Obi Muonelo

Personal information
- Born: June 21, 1988 (age 37) Edmond, Oklahoma
- Nationality: American
- Listed height: 6 ft 5 in (1.96 m)
- Listed weight: 220 lb (100 kg)

Career information
- High school: Edmond Santa Fe (Edmond, Oklahoma)
- College: Oklahoma State (2006–2010)
- NBA draft: 2010: undrafted
- Playing career: 2010–2011
- Position: Shooting guard / small forward

Career history
- 2010–2011: Fort Wayne Mad Ants
- 2011: Austin Toros

= Obi Muonelo =

American basketball player (born 1988)

Obi Muonelo (born June 21, 1988) is a former American professional basketball player who last played for Austin Toros of the NBA Development League. He played collegiately with the Oklahoma State Cowboys.

==Professional==
Muonelo went undrafted in the 2010 NBA draft and signed a summer league contract with the Philadelphia 76ers. Muonelo was selected with the 10th overall pick in the 2010 NBA Development League Draft by the Fort Wayne Mad Ants.

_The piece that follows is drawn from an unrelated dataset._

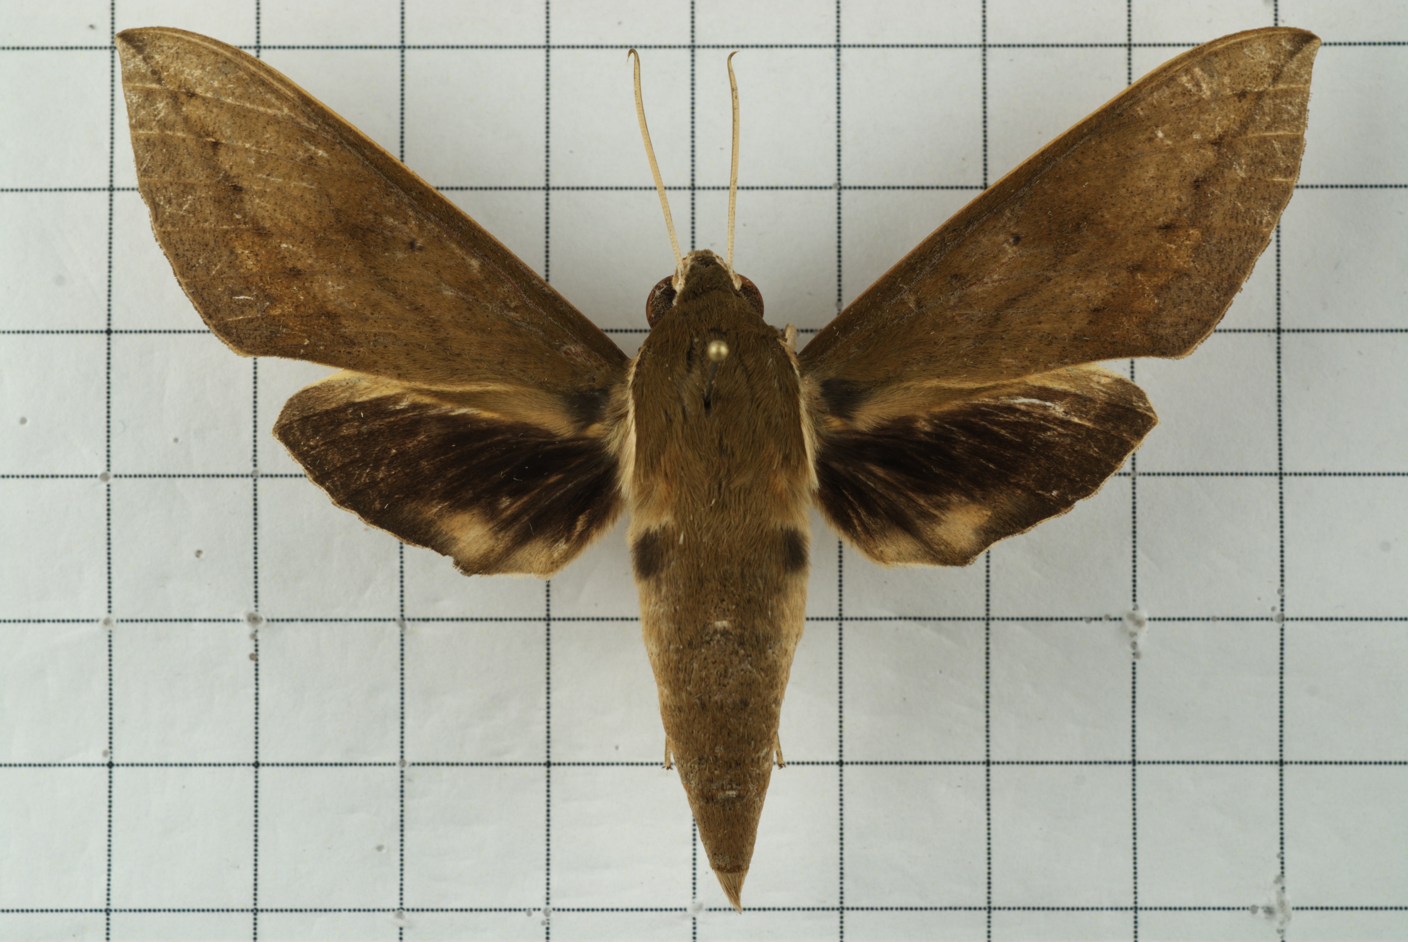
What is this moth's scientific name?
Theretra boisduvalii

For the 2011/12 NBA D-League season, Muonelo played for the Austin Toros.

==Santa Fe High School==
At Edmond Santa Fe High School in Edmond, Oklahoma Muonelo averaged 19.6 points, 6.1 rebounds, 2.9 steals and 4.9 assists his senior year. He was the 19th prospect overall and the fourth best shooting guard. Obi led his team to the 6A state championship game where they ended their season at a 25–4. In his junior year he averaged 18.0 points and 10.2 rebounds.